10:50 - Leo Laporte (Host)
No, so, setting the admittedly problematic energy use aside, I guess the thing that I'm most interested in is ai is making progress in very interesting leaps and bounds. Yes, is that right? Or no is it? Is it yet it's not. Look, I think it's a mistake to say we want agi, we want, uh, general intelligence. Uh, I don't think we we need or want that, and maybe we won't even be able to get that, but is?

11:21 - Larry Magid (Guest)
it it useful. Well, like you, I've been at this technology beat for, in my case, over 40 years, and I've seen a handful of major paradigm shifts, and this is definitely one of them. On par with the World Wide Web I guess I'd put the Mac as one of the paradigm shifts or the graphical interface this is huge. I mean, I've seen more progress in the last year in many ways than I've seen in the last 10 years. So I I would agree with you, I think, I think, I think you know not just this, but all of the ai products that we're seeing are are blowing me away. You know, it kind of makes it make covering tech interesting again.

11:57 - Leo Laporte (Host)
Frankly, uh, last year there was a story, uh, about deep mind. Google's uh, ai, the one that you know created a chess playing machine machine that could beat Garry Kasparov and a go-playing machine that could beat Lee Sudol. It found 2.2 million crystal structures in material science, which is 45 times larger than the number of different crystal kinds we've unearthed in the entire history of science. Now, that was the story in November. The story that came out this week is yeah, but most of those crystals no big deal, like ho-hum, and I guess in a way that's kind of the whole story of AI. In general, it comes up with this amazing stuff, but maybe it's not going to change the world.

12:51 - Denise Howell (Guest)
I don't know now, I think it is I, I think it's going to get integrated into so much of what we do that you know the, the, whether it's music and art, or you know discoveries, like you were saying, crystals, or medications or compounds, crystals that could become medications right, I mean it's connecting the dots in ways that are faster and more comprehensive than we're able to do on our own.

13:20 - Owen Thomas (Guest)
And I'd argue the ho-hum is actually what AI is really good at.

13:25 - Leo Laporte (Host)
That's really good, that's true.

13:27 - Owen Thomas (Guest)
AI and drug discovery.

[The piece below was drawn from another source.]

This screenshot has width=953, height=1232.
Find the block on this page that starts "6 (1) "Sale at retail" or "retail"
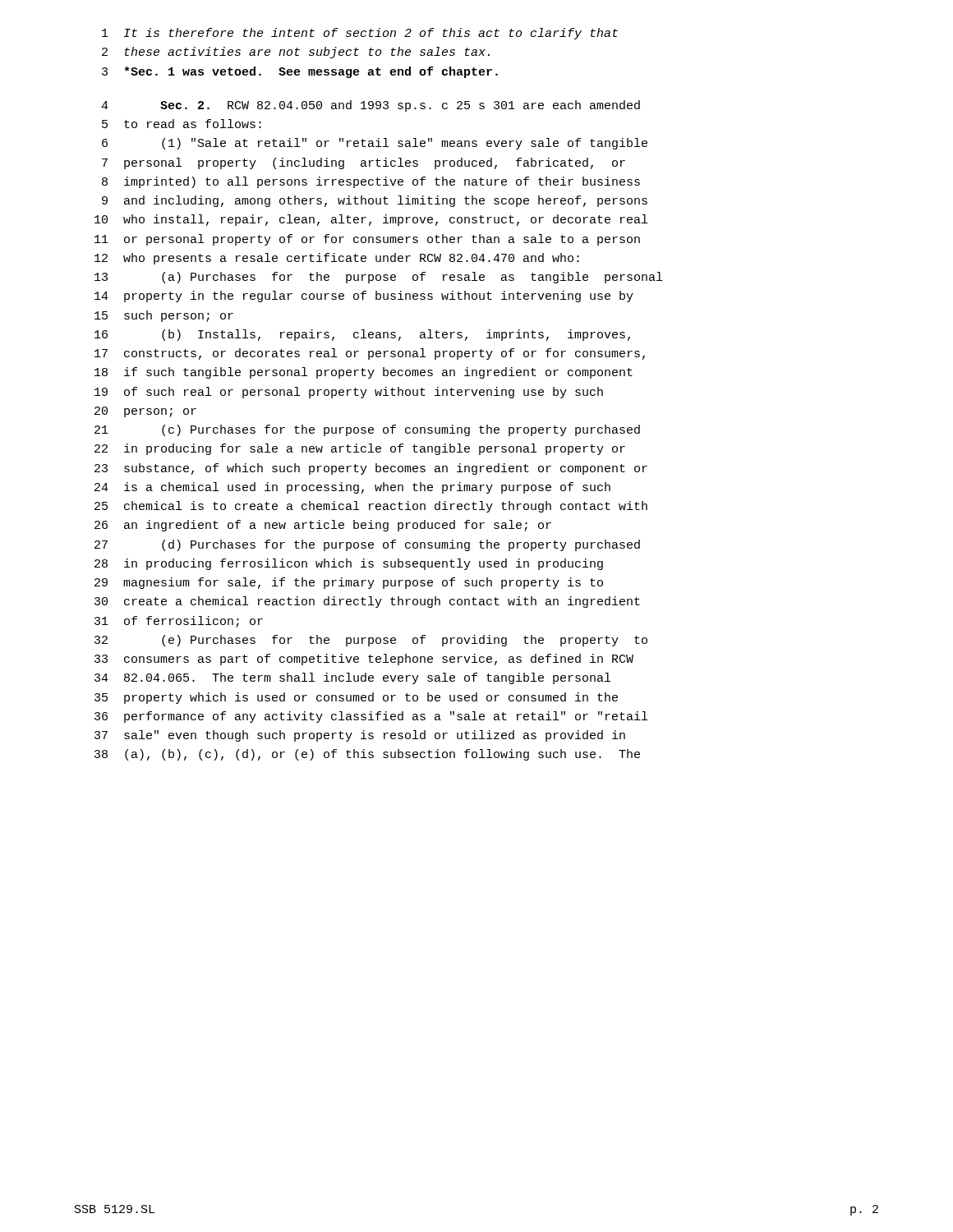476,202
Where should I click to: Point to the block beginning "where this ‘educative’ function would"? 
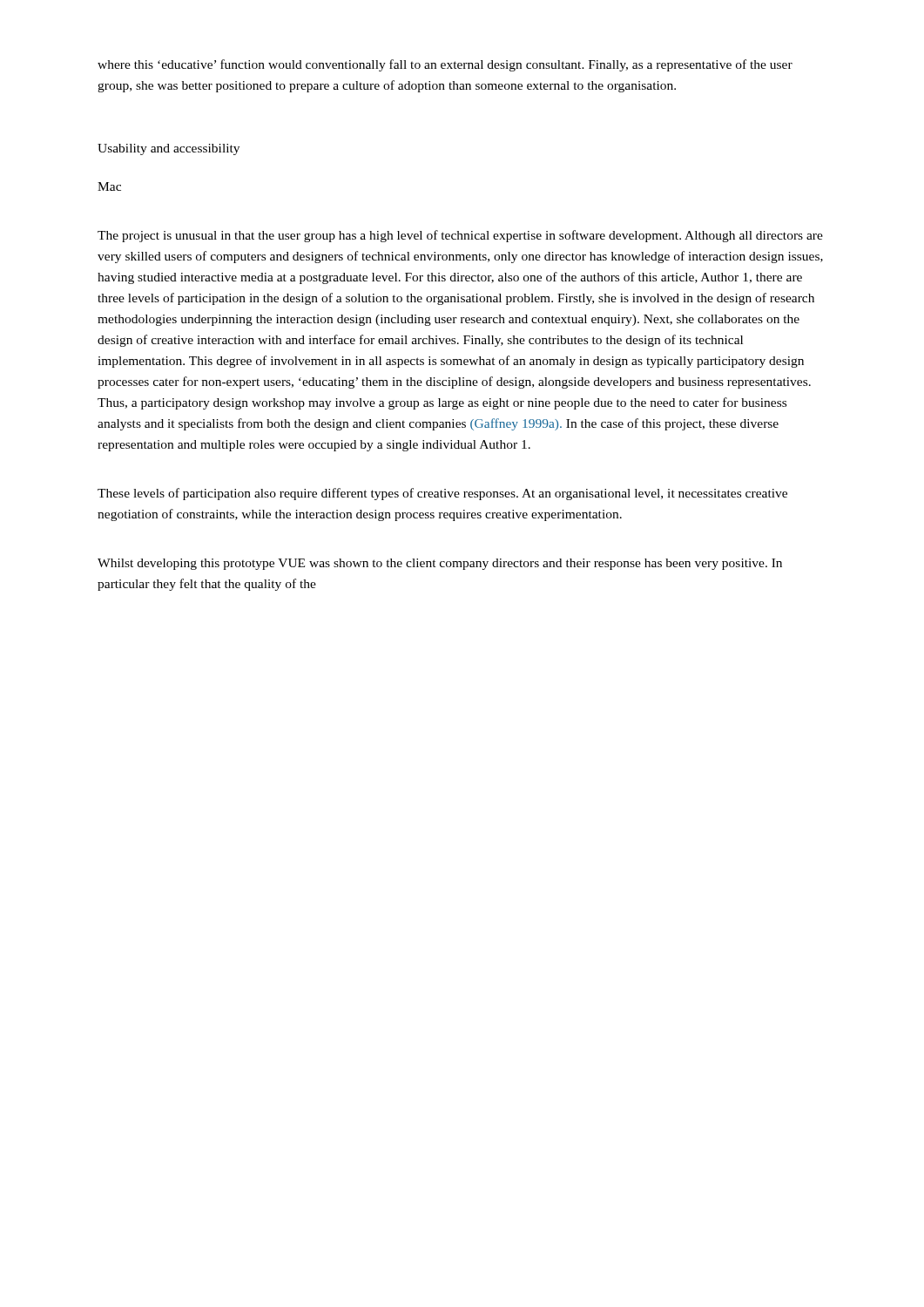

You're like, you know, it's kind of like those 2.2 million crystal patterns, like you just need to identify as many compounds as possible and then figure out which ones might have therapeutic applications. And you know, like that's always been a computer-assisted process in modern times. But AI of millions of financial files a la the Panama Papers, and finding patterns like what are the common LLCs, what are the common entity names that are shared across these files, because you could do that by hand it would take centuries. So you can do investigations much more efficiently. You can do investigations realistically that you could not have done five years ago, three years ago, even one year ago.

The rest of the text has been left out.